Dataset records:
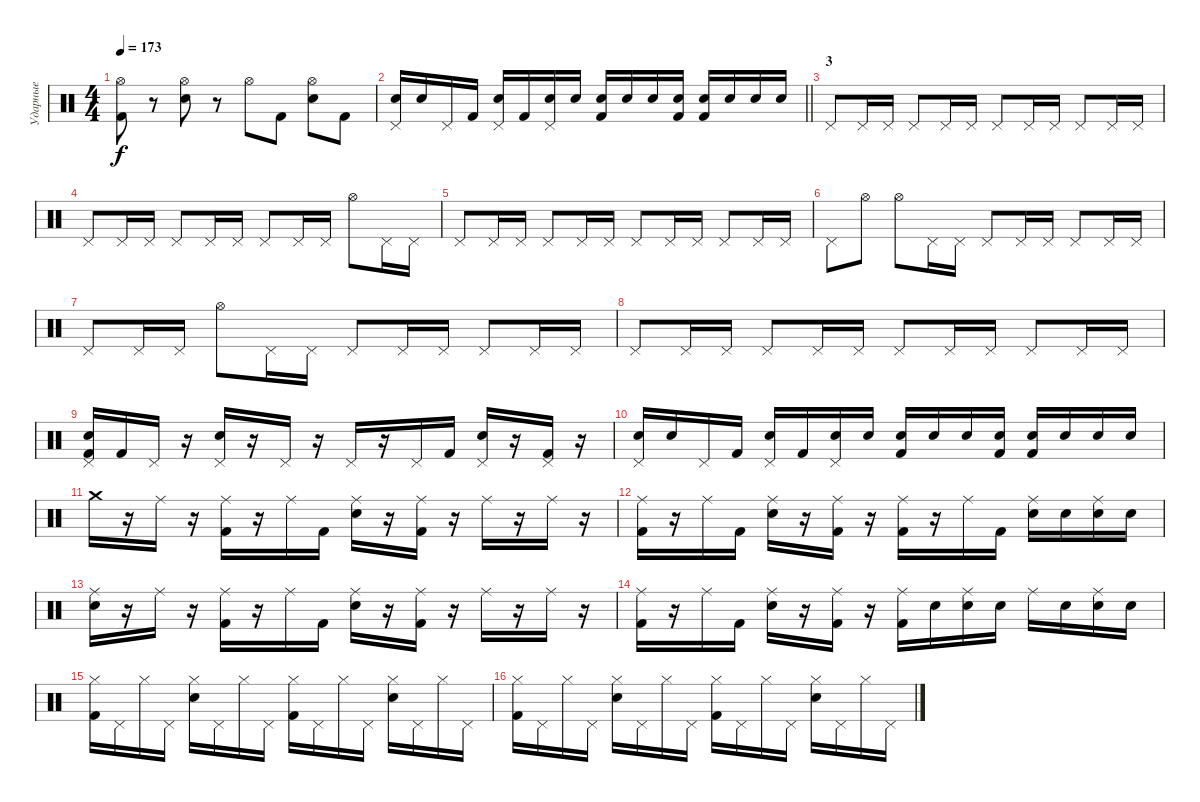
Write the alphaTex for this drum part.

\track ("Ударные" "Ударные") {instrument percussion}
\staff {score}
\articulation defaults
\ts (4 4)
\tempo 173
\clef neutral
\ks c
("Hi-Hat (open)" "Kick (hit) 2").8{dy f} r.8 ("Hi-Hat (open)" "Snare (hit) 2").8 r.8 "Hi-Hat (open)".8 "Kick (hit) 2".8 ("Hi-Hat (open)" "Snare (hit) 2").8 "Kick (hit) 2".8 |
\barLineRight lightlight
("Pedal Hi-Hat (hit)" "Snare (hit) 2").16 "Snare (hit) 2".16 "Pedal Hi-Hat (hit)".16 "Kick (hit) 2".16 ("Pedal Hi-Hat (hit)" "Snare (hit) 2").16 "Kick (hit) 2".16 ("Pedal Hi-Hat (hit)" "Snare (hit) 2").16 "Snare (hit) 2".16 ("Snare (hit) 2" "Kick (hit) 2").16 "Snare (hit) 2".16 "Snare (hit) 2".16 ("Snare (hit) 2" "Kick (hit) 2").16 ("Snare (hit) 2" "Kick (hit) 2").16 "Snare (hit) 2".16 "Snare (hit) 2".16 "Snare (hit) 2".16 |
\section ("" "3")
"Pedal Hi-Hat (hit)".8 "Pedal Hi-Hat (hit)".16 "Pedal Hi-Hat (hit)".16 "Pedal Hi-Hat (hit)".8 "Pedal Hi-Hat (hit)".16 "Pedal Hi-Hat (hit)".16 "Pedal Hi-Hat (hit)".8 "Pedal Hi-Hat (hit)".16 "Pedal Hi-Hat (hit)".16 "Pedal Hi-Hat (hit)".8 "Pedal Hi-Hat (hit)".16 "Pedal Hi-Hat (hit)".16 |
"Pedal Hi-Hat (hit)".8 "Pedal Hi-Hat (hit)".16 "Pedal Hi-Hat (hit)".16 "Pedal Hi-Hat (hit)".8 "Pedal Hi-Hat (hit)".16 "Pedal Hi-Hat (hit)".16 "Pedal Hi-Hat (hit)".8 "Pedal Hi-Hat (hit)".16 "Pedal Hi-Hat (hit)".16 "Hi-Hat (open)".8 "Pedal Hi-Hat (hit)".16 "Pedal Hi-Hat (hit)".16 |
"Pedal Hi-Hat (hit)".8 "Pedal Hi-Hat (hit)".16 "Pedal Hi-Hat (hit)".16 "Pedal Hi-Hat (hit)".8 "Pedal Hi-Hat (hit)".16 "Pedal Hi-Hat (hit)".16 "Pedal Hi-Hat (hit)".8 "Pedal Hi-Hat (hit)".16 "Pedal Hi-Hat (hit)".16 "Pedal Hi-Hat (hit)".8 "Pedal Hi-Hat (hit)".16 "Pedal Hi-Hat (hit)".16 |
"Pedal Hi-Hat (hit)".8 "Hi-Hat (open)".8 "Hi-Hat (open)".8 "Pedal Hi-Hat (hit)".16 "Pedal Hi-Hat (hit)".16 "Pedal Hi-Hat (hit)".8 "Pedal Hi-Hat (hit)".16 "Pedal Hi-Hat (hit)".16 "Pedal Hi-Hat (hit)".8 "Pedal Hi-Hat (hit)".16 "Pedal Hi-Hat (hit)".16 |
"Pedal Hi-Hat (hit)".8 "Pedal Hi-Hat (hit)".16 "Pedal Hi-Hat (hit)".16 "Hi-Hat (open)".8 "Pedal Hi-Hat (hit)".16 "Pedal Hi-Hat (hit)".16 "Pedal Hi-Hat (hit)".8 "Pedal Hi-Hat (hit)".16 "Pedal Hi-Hat (hit)".16 "Pedal Hi-Hat (hit)".8 "Pedal Hi-Hat (hit)".16 "Pedal Hi-Hat (hit)".16 |
"Pedal Hi-Hat (hit)".8 "Pedal Hi-Hat (hit)".16 "Pedal Hi-Hat (hit)".16 "Pedal Hi-Hat (hit)".8 "Pedal Hi-Hat (hit)".16 "Pedal Hi-Hat (hit)".16 "Pedal Hi-Hat (hit)".8 "Pedal Hi-Hat (hit)".16 "Pedal Hi-Hat (hit)".16 "Pedal Hi-Hat (hit)".8 "Pedal Hi-Hat (hit)".16 "Pedal Hi-Hat (hit)".16 |
("Pedal Hi-Hat (hit)" "Snare (hit) 2" "Kick (hit) 2").16 "Kick (hit) 2".16 "Pedal Hi-Hat (hit)".16 r.16 ("Pedal Hi-Hat (hit)" "Snare (hit) 2").16 r.16 "Pedal Hi-Hat (hit)".16 r.16 "Pedal Hi-Hat (hit)".16 r.16 "Pedal Hi-Hat (hit)".16 "Kick (hit) 2".16 ("Pedal Hi-Hat (hit)" "Snare (hit) 2").16 r.16 ("Pedal Hi-Hat (hit)" "Kick (hit) 2").16 r.16 |
("Pedal Hi-Hat (hit)" "Snare (hit) 2").16 "Snare (hit) 2".16 "Pedal Hi-Hat (hit)".16 "Kick (hit) 2".16 ("Pedal Hi-Hat (hit)" "Snare (hit) 2").16 "Kick (hit) 2".16 ("Pedal Hi-Hat (hit)" "Snare (hit) 2").16 "Snare (hit) 2".16 ("Snare (hit) 2" "Kick (hit) 2").16 "Snare (hit) 2".16 "Snare (hit) 2".16 ("Snare (hit) 2" "Kick (hit) 2").16 ("Snare (hit) 2" "Kick (hit) 2").16 "Snare (hit) 2".16 "Snare (hit) 2".16 "Snare (hit) 2".16 |
"Crash medium (hit)".16 r.16 "Ride (middle)".16 r.16 ("Ride (middle)" "Kick (hit) 2").16 r.16 "Ride (middle)".16 "Kick (hit) 2".16 ("Ride (middle)" "Snare (hit) 2").16 r.16 ("Ride (middle)" "Kick (hit) 2").16 r.16 "Ride (middle)".16 r.16 "Ride (middle)".16 r.16 |
("Ride (middle)" "Kick (hit) 2").16 r.16 "Ride (middle)".16 "Kick (hit) 2".16 ("Ride (middle)" "Snare (hit) 2").16 r.16 ("Ride (middle)" "Kick (hit) 2").16 r.16 ("Ride (middle)" "Kick (hit) 2").16 r.16 "Ride (middle)".16 "Kick (hit) 2".16 ("Ride (middle)" "Snare (hit) 2").16 "Snare (hit) 2".16 ("Ride (middle)" "Snare (hit) 2").16 "Snare (hit) 2".16 |
("Ride (middle)" "Snare (hit) 2").16 r.16 "Ride (middle)".16 r.16 ("Ride (middle)" "Kick (hit) 2").16 r.16 "Ride (middle)".16 "Kick (hit) 2".16 ("Ride (middle)" "Snare (hit) 2").16 r.16 ("Ride (middle)" "Kick (hit) 2").16 r.16 "Ride (middle)".16 r.16 "Ride (middle)".16 r.16 |
("Ride (middle)" "Kick (hit) 2").16 r.16 "Ride (middle)".16 "Kick (hit) 2".16 ("Ride (middle)" "Snare (hit) 2").16 r.16 ("Ride (middle)" "Kick (hit) 2").16 r.16 ("Ride (middle)" "Kick (hit) 2").16 "Snare (hit) 2".16 ("Ride (middle)" "Snare (hit) 2").16 "Snare (hit) 2".16 "Ride (middle)".16 "Snare (hit) 2".16 ("Ride (middle)" "Snare (hit) 2").16 "Snare (hit) 2".16 |
("Hi-Hat (closed)" "Kick (hit) 2").16 "Pedal Hi-Hat (hit)".16 "Hi-Hat (closed)".16 "Pedal Hi-Hat (hit)".16 ("Hi-Hat (closed)" "Snare (hit) 2").16 "Pedal Hi-Hat (hit)".16 "Hi-Hat (closed)".16 "Pedal Hi-Hat (hit)".16 ("Hi-Hat (closed)" "Kick (hit) 2").16 "Pedal Hi-Hat (hit)".16 "Hi-Hat (closed)".16 "Pedal Hi-Hat (hit)".16 ("Hi-Hat (closed)" "Snare (hit) 2").16 "Pedal Hi-Hat (hit)".16 "Hi-Hat (closed)".16 "Pedal Hi-Hat (hit)".16 |
("Hi-Hat (closed)" "Kick (hit) 2").16 "Pedal Hi-Hat (hit)".16 "Hi-Hat (closed)".16 "Pedal Hi-Hat (hit)".16 ("Hi-Hat (closed)" "Snare (hit) 2").16 "Pedal Hi-Hat (hit)".16 "Hi-Hat (closed)".16 "Pedal Hi-Hat (hit)".16 ("Hi-Hat (closed)" "Kick (hit) 2").16 "Pedal Hi-Hat (hit)".16 "Hi-Hat (closed)".16 "Pedal Hi-Hat (hit)".16 ("Hi-Hat (closed)" "Snare (hit) 2").16 "Pedal Hi-Hat (hit)".16 "Hi-Hat (closed)".16 "Pedal Hi-Hat (hit)".16
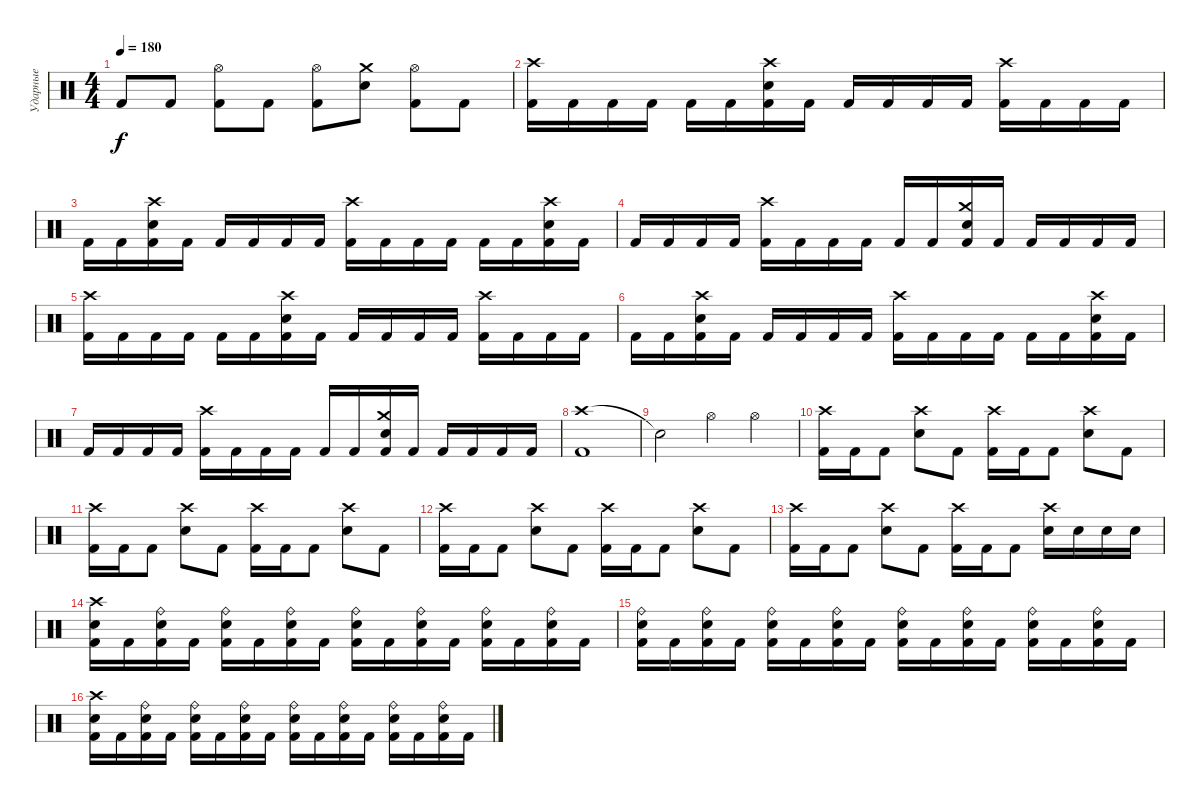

◆ **ACTIVITY**: Search the records for the string "closed", and copy every line that holds it.

◆ **EXPECTED OUTPUT**:
("Hi-Hat (closed)" "Kick (hit) 2").16 "Pedal Hi-Hat (hit)".16 "Hi-Hat (closed)".16 "Pedal Hi-Hat (hit)".16 ("Hi-Hat (closed)" "Snare (hit) 2").16 "Pedal Hi-Hat (hit)".16 "Hi-Hat (closed)".16 "Pedal Hi-Hat (hit)".16 ("Hi-Hat (closed)" "Kick (hit) 2").16 "Pedal Hi-Hat (hit)".16 "Hi-Hat (closed)".16 "Pedal Hi-Hat (hit)".16 ("Hi-Hat (closed)" "Snare (hit) 2").16 "Pedal Hi-Hat (hit)".16 "Hi-Hat (closed)".16 "Pedal Hi-Hat (hit)".16 |
("Hi-Hat (closed)" "Kick (hit) 2").16 "Pedal Hi-Hat (hit)".16 "Hi-Hat (closed)".16 "Pedal Hi-Hat (hit)".16 ("Hi-Hat (closed)" "Snare (hit) 2").16 "Pedal Hi-Hat (hit)".16 "Hi-Hat (closed)".16 "Pedal Hi-Hat (hit)".16 ("Hi-Hat (closed)" "Kick (hit) 2").16 "Pedal Hi-Hat (hit)".16 "Hi-Hat (closed)".16 "Pedal Hi-Hat (hit)".16 ("Hi-Hat (closed)" "Snare (hit) 2").16 "Pedal Hi-Hat (hit)".16 "Hi-Hat (closed)".16 "Pedal Hi-Hat (hit)".16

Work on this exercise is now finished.